## Exercise description
Restate all entries word for word, minus pictures.

[Dataset excerpts]
########

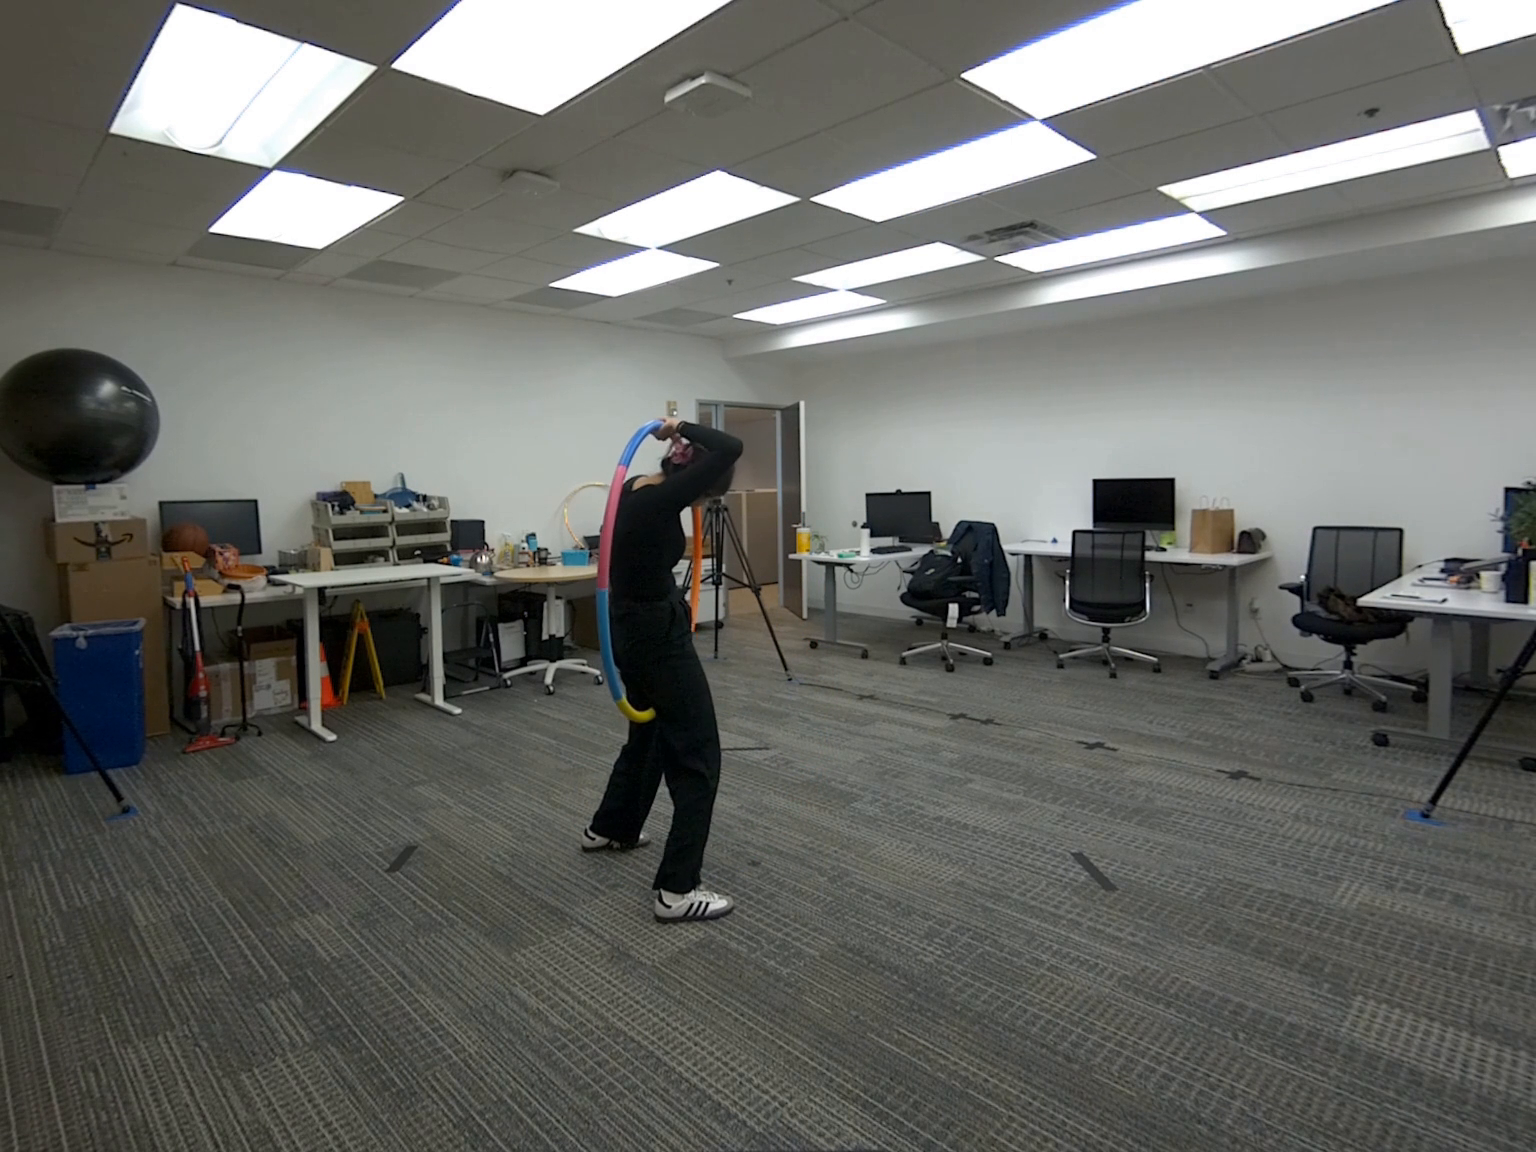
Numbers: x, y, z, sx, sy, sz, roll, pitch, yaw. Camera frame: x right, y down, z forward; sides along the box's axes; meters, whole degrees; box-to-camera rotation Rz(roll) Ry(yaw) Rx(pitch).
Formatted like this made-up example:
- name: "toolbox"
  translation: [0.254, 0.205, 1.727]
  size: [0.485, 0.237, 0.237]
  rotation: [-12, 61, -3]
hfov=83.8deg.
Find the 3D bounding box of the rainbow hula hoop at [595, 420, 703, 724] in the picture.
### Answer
- name: "rainbow hula hoop"
  translation: [-0.364, -0.020, 2.857]
  size: [0.036, 0.975, 0.970]
  rotation: [1, 5, 11]

########

## Solution to this exercise
Numbers: x, y, z, sx, sy, sz, roll, pitch, yaw. Camera frame: x right, y down, z forward; sides along the box's axes; meters, whole degrees; box-to-camera rotation Rz(roll) Ry(yaw) Rx(pitch).
Formatted like this made-up example:
- name: "toolbox"
  translation: [0.254, 0.205, 1.727]
  size: [0.485, 0.237, 0.237]
  rotation: [-12, 61, -3]
hfov=83.8deg.
Find the 3D bounding box of the rainbow hula hoop at [595, 420, 703, 724] in the picture.
### Answer
- name: "rainbow hula hoop"
  translation: [-0.364, -0.020, 2.857]
  size: [0.036, 0.975, 0.970]
  rotation: [1, 5, 11]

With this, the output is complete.